0624 | Wednesday, June 7, 2006

Columns

Point of View

The world is smaller for the younger generation

By Carl Heintze

The other day one of my granddaughters, who is getting married this summer, announced she and her husband-to-be were going to Bali on their honeymoon.

That set me thinking.

On our honeymoon, my wife and I went to Tijuana.

Well, really we only spent part of a day in Mexico on our honeymoon. It was a kind of traveling-post-wedding trip. We meandered down the Southern California coast, visited some friends in San Diego and then spent part of a week in a friend's cabin at Lake Arrowhead.

Use of the cabin was a wedding gift, fortunately, because we didn't have much money to go anywhere.

It definitely was a low-budget honeymoon.

I don't get the impression my granddaughter's honeymoon is going to be like that.

Of course, I realize my honeymoon was half a century or so ago, and the world has changed considerably between the time we got married and when my granddaughter decided to wed.

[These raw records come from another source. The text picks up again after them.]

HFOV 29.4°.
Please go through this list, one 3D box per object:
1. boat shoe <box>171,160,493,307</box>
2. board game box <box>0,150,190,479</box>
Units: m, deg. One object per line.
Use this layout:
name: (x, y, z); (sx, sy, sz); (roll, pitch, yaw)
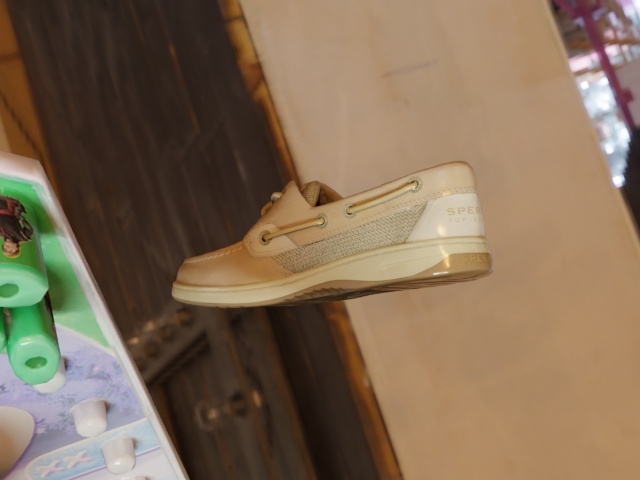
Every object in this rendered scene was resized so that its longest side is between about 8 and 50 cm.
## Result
boat shoe: (0.000, 0.000, 1.000); (0.302, 0.098, 0.109); (-10, 173, 38)
board game box: (-0.250, 0.159, 0.523); (0.390, 0.050, 0.390); (-18, 143, -5)
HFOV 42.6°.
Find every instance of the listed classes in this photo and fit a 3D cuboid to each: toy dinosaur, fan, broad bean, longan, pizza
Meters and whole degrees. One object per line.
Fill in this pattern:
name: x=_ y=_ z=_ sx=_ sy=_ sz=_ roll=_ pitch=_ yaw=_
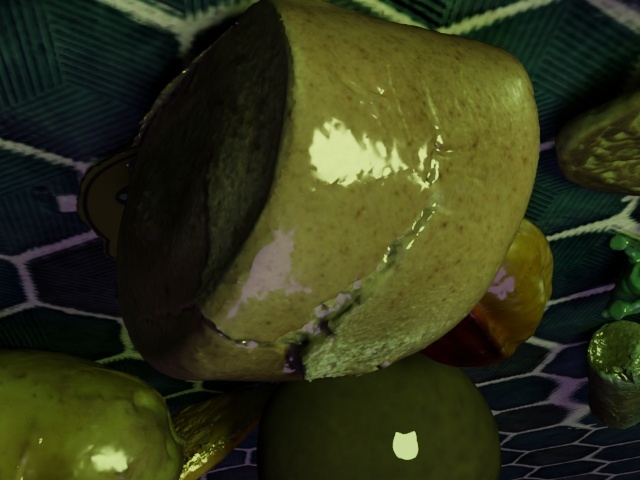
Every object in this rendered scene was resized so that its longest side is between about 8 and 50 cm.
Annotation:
toy dinosaur: x=0.365 y=0.012 z=0.811 sx=0.120 sy=0.079 sz=0.292 roll=-5 pitch=153 yaw=-13
fan: x=-0.064 y=-0.038 z=0.698 sx=0.335 sy=0.011 sz=0.229 roll=-22 pitch=147 yaw=27
broad bean: x=0.135 y=0.038 z=0.768 sx=0.156 sy=0.122 sz=0.228 roll=15 pitch=149 yaw=15
longan: x=0.066 y=0.249 z=0.989 sx=0.297 sy=0.297 sz=0.297 roll=-5 pitch=152 yaw=-2
pizza: x=-0.144 y=0.269 z=1.129 sx=0.204 sy=0.080 sz=0.188 roll=-31 pitch=-168 yaw=-22

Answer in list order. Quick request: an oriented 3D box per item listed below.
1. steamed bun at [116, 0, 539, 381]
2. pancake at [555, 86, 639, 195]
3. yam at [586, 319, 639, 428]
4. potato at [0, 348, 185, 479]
steamed bun: x=0.000 y=0.000 z=0.563 sx=0.252 sy=0.199 sz=0.301 roll=14 pitch=141 yaw=-27
pancake: x=0.306 y=-0.069 z=0.632 sx=0.250 sy=0.031 sz=0.250 roll=7 pitch=167 yaw=2
yam: x=0.415 y=0.188 z=1.134 sx=0.093 sy=0.093 sz=0.259 roll=-13 pitch=151 yaw=13
potato: x=-0.295 y=0.249 z=0.964 sx=0.237 sy=0.289 sz=0.300 roll=-6 pitch=111 yaw=-30

And it also is something of a shock to realize she's already been around the world once--with her parents when she was a teenager--so finding someplace different in which to spend one's post-nuptials isn't easy.

But I think she, like a good many in her generation, has a different world view than I and my fellows do. As Thomas Friedman likes to tell us, the world is flat. My son jets off to India every couple of months on business. One of my daughters jets off to Las Vegas now and then just for the weekend. Another granddaughter is hoping to spend a semester in Spain next year.

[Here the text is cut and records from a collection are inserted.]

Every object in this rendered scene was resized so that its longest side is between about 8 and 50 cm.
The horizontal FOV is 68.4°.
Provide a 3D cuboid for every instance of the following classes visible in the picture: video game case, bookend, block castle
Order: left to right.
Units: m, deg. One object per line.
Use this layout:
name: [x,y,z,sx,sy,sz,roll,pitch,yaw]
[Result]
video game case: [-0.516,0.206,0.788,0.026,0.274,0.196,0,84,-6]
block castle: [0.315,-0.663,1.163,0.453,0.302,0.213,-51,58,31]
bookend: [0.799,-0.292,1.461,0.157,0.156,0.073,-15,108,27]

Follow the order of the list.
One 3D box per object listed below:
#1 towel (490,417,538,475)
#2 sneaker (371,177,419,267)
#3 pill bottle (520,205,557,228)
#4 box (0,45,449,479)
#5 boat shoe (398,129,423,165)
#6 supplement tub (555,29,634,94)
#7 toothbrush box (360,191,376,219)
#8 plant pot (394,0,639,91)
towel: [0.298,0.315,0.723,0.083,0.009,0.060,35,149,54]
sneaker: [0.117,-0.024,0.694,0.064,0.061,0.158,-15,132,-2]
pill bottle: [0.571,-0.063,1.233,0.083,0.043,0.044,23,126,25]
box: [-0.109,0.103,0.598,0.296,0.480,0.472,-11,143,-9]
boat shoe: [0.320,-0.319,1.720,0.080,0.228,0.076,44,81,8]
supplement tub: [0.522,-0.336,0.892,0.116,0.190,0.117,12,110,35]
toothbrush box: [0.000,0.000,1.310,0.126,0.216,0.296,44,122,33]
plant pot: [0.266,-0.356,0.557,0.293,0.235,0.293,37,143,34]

The outer limits of this world is farther, it's bigger, let's say, than Alviso or Milpitas, or even Gilroy.

Still, I have trouble fitting into it. I suppose that's because I grew up believing San Francisco was The City and anything else large was an impossibly long distance away. I am somewhat ashamed to say I never managed to get to Los Angeles until I was in college.

World War II, of course, changed all that. I'd always hoped to spend a summer in Europe when I was in college, but I didn't know it was going to be an autumn, winter, spring and summer and then some, and I wasn't exactly a tourist.

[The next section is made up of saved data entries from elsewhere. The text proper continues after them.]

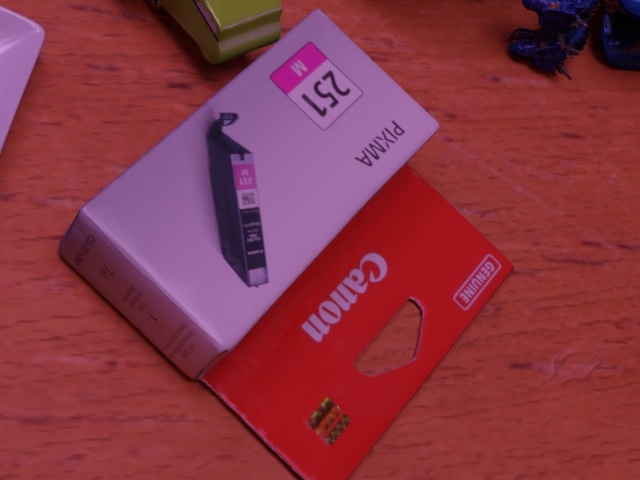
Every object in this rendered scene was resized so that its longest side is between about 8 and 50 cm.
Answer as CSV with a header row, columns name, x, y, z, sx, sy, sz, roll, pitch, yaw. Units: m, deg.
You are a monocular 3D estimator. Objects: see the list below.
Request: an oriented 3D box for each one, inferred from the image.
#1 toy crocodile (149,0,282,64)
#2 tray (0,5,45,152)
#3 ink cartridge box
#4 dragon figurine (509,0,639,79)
name,x,y,z,sx,sy,sz,roll,pitch,yaw
toy crocodile,-0.143,-0.273,1.013,0.115,0.105,0.340,-32,86,-38
tray,-0.271,-0.055,0.847,0.145,0.030,0.270,23,54,-15
ink cartridge box,0.000,0.000,0.952,0.239,0.060,0.275,43,51,1
dragon figurine,0.283,-0.200,1.209,0.289,0.085,0.144,6,62,-22
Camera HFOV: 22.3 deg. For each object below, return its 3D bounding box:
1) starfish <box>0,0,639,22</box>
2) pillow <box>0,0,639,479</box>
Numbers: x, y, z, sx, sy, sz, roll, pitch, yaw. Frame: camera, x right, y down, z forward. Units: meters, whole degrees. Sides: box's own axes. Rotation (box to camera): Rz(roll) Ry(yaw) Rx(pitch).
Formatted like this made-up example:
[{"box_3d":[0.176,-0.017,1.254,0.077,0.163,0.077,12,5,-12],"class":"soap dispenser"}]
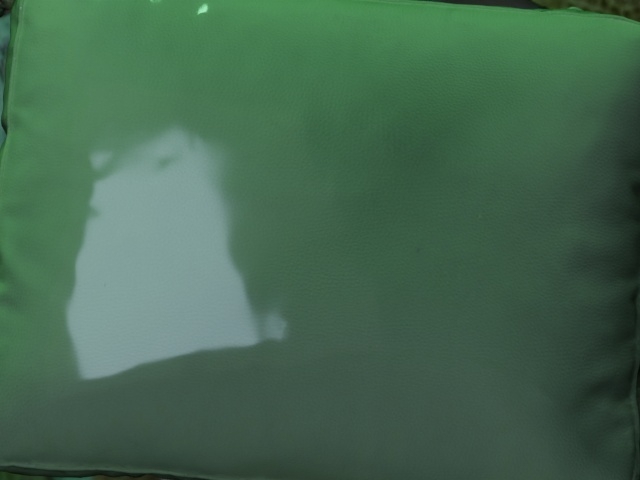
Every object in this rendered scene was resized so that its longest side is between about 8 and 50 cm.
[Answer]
[{"box_3d":[0.041,-0.246,0.842,0.432,0.082,0.324,10,91,18],"class":"starfish"},{"box_3d":[0.000,0.000,0.776,0.322,0.120,0.255,5,82,-5],"class":"pillow"}]

Since then the world has opened up for all of us, but especially for those who are younger. The jet plane managed to shrink things, and between immigration from all over and America's involvement in countries all over the world, we have been granted, willing or not, a global outlook.

Sometimes I wonder if this is good or bad. We have gained a new appreciation of many different kinds of peoples and cultures, but we've also lost the village kind of intimacy I enjoyed when I was growing up.

We don't spend time in front of our houses chatting with neighbors. Often we don't really know much of anything about who lives next door or down around the corner. Our streets usually are empty. Not many people walk just for the pleasure of it. Instead they drive their cars, even two blocks to the store for groceries.

Maybe, as Hillary Clinton alleges, it takes a village to raise a child, but a lot of our children are being raised without one. Instead they are growing up both in the world (taking a honeymoon trip to Bali) and among strangers.

Unfortunately, one can't go back to the village, or at least to the village in which I grew up. It's no longer there. Now it is a city of more than 50,000, plagued with all the things cities of 50,000 are plagued with. One can't go home.

I suppose that sounds pretty much like what it is, an old man grousing. And I know I am old.

But I do often wish I could find a gentler, kinder time in a gentler, kinder and smaller world.